En el siguiente artículo se hablará acerca de la distinción entre invertir con visión de trader o inversor/inversionista.

 

 

Información y plazos.

Quizá la cuestión que nos diferencia de los millonarios es, lejos del dinero, el tipo de información que tenemos sobre el mercado financiero, sectores o negocios específicos. Es claro que pertenecer al círculo de los negocios tiene la ventaja de que la información puede llegar primero a ti o puedes disponer de especialistas que se dediquen a mantenerte al tanto de las tendencias más recientes sobre cualquier mercado. Para los mortales, generalmente la información llega a veces con un considerable retraso, limitando los beneficios potenciales de una buena inversión. O eso es lo que generalmente todos pensaríamos, sin embargo, en la actual era de la información, las redes sociales y, en específico, las redes que transmiten la información económico-financiera, permiten que la brecha de tiempo en que el público inversionista (especializado y no especializado) se entere de las noticias importantes en realidad sea mínima.

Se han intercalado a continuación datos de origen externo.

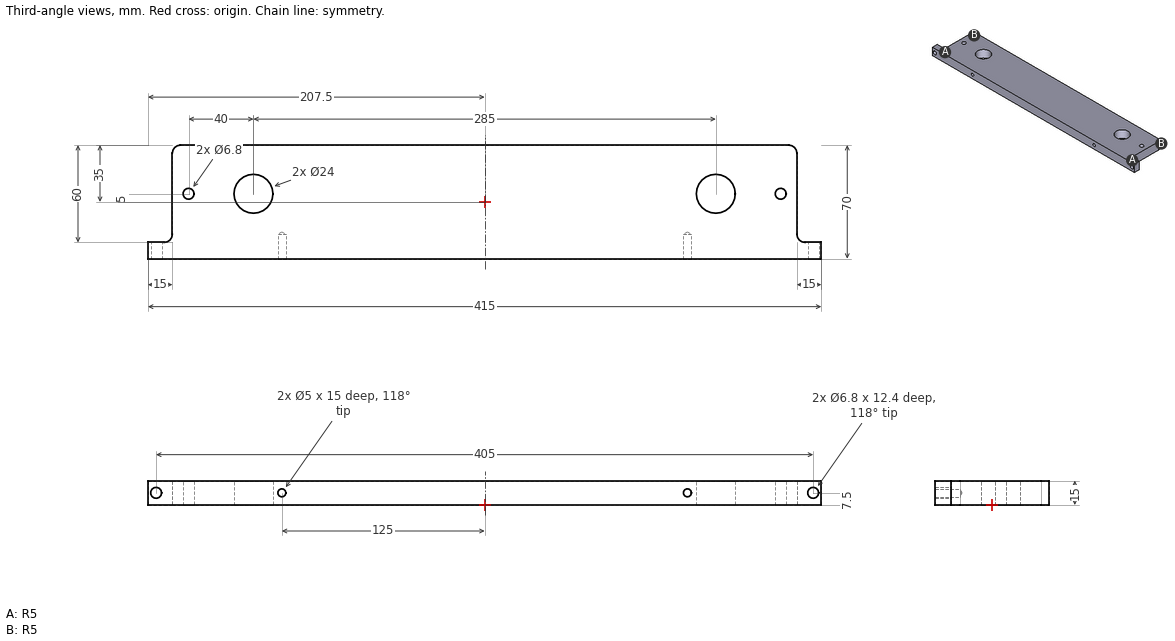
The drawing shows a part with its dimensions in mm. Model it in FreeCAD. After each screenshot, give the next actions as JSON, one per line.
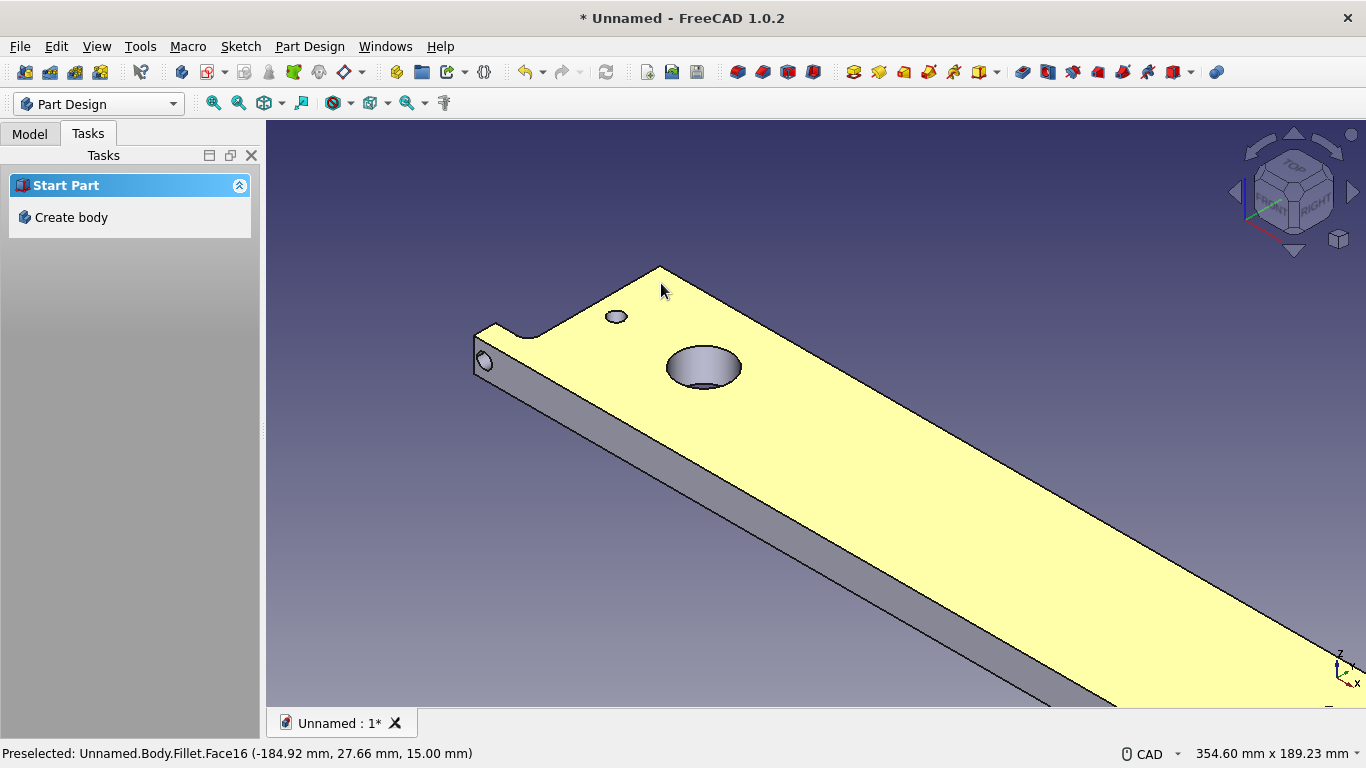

Gracias a esto, tanto el inversor como el trader actualmente pueden sacar provecho de las nuevas oportunidades en el mercado financiero.

Hablando esta vez propiamente del dinero, un inversionista bien informado estará preparado siempre para destinar los recursos necesarios en cuanto una buena oportunidad se presente, lo cual no necesariamente significa que ponga todo su capital en una sola inversión.

La razón de que un inversor no ponga todo su dinero en un solo negocio es simple: diversificación.

El inversor trata siempre de buscar diversas fuentes de ingreso, pero sobre todo fuentes estables a largo plazo. La visión de largo plazo es una de las cosas que diferencia al inversor del trader. Mientras que un inversor busca que su dinero genere más dinero, quizá sin ningún esfuerzo, el trader busca oportunidades a corto y mediano plazo, oportunidades que existen cuando los mercados oscilan por cuestiones fundamentales.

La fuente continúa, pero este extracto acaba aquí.